Item 1.01 Entry into a Material Definitive Agreement.

On April 8, 2013, BioCorRx Inc., formerly Fresh Start Private Management, Inc. (the "Company"), entered into a License Agreement (the “License Agreement”) with Kryptonite Investments LLC (the “Licensee”) and Trinity Rx Solutions, LLC. The License Agreement provided, among other things, that (i) the Company would grant to the Licensee the exclusive right to use, sell, and offer for sale, the Naltrexone Implant (the “Product”), as defined in the License Agreement, and to the educational resources, proprietary elements and know-how associated with the Product; and (ii) the Licensee would pay to the Company a license fee.
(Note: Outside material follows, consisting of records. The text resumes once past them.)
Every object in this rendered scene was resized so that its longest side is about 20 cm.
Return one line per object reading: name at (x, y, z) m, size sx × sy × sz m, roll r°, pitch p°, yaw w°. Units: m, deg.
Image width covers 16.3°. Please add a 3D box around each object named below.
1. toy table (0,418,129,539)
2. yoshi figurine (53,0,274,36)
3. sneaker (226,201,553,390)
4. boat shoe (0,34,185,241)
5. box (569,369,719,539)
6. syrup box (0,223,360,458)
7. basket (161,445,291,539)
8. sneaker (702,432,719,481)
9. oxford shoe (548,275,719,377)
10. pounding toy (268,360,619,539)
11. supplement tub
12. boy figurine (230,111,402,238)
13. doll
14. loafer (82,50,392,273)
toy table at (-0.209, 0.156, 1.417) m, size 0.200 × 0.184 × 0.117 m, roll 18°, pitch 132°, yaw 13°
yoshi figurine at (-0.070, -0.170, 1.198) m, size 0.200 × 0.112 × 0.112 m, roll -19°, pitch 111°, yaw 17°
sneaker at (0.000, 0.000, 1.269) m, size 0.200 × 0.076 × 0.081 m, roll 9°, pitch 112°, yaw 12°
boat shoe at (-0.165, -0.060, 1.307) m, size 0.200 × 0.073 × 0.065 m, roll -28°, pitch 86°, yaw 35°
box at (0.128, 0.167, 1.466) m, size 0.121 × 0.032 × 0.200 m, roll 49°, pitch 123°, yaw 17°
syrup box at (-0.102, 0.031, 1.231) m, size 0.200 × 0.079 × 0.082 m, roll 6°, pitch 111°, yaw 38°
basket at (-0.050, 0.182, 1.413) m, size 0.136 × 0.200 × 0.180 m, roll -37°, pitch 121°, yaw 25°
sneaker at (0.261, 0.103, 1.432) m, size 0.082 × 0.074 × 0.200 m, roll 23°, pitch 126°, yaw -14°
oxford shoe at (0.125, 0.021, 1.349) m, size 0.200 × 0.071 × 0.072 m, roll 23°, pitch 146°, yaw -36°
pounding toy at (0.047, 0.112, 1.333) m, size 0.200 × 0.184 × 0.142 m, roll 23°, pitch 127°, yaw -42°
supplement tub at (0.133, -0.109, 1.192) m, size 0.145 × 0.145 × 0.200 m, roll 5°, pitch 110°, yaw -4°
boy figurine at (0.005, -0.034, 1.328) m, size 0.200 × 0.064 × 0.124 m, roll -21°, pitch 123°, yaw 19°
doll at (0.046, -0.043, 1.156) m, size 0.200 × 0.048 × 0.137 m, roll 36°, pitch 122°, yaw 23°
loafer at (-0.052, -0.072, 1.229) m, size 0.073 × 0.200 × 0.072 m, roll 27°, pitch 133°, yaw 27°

On July 7, 2014, the Company and the Licensee entered into a Restatement of Sublicense Agreement (the “Restatement”), which fully restates the material terms of the License Agreement. The execution date of the License Agreement shall remain the effective date of the Restatement and all obligations of the parties thereunder.

On April 5, 2013, the Company issued a Convertible Debenture (the “Original Note”) to various holders in the principal sum of $425,000, convertible into common stock of the Company. On July 7, 2014, the Company executed various Amended and Restated Promissory Notes (the “Amended Notes”), the form of which is attached hereto as Exhibit 10.2, to the holders of the Note, in the aggregate principal amount of $545,217.81 (“Amended Principal”), which is equal to the principal sum of the Original Note, plus the interest accrued thereon as of the date of the Amended Notes. Pursuant to the Amended Notes, the Amended Principal, plus interest thereon at a rate of twelve percent (12%) per annum payable in equal monthly installments, with the balance payable on or before July 15, 2016. The Amended Notes are not convertible into shares of common stock. In the event that the Company fails to make a timely payment or to perform any term of the Amended Notes, the holders thereof shall have the right to declare the full, unpaid balance thereof immediately payable.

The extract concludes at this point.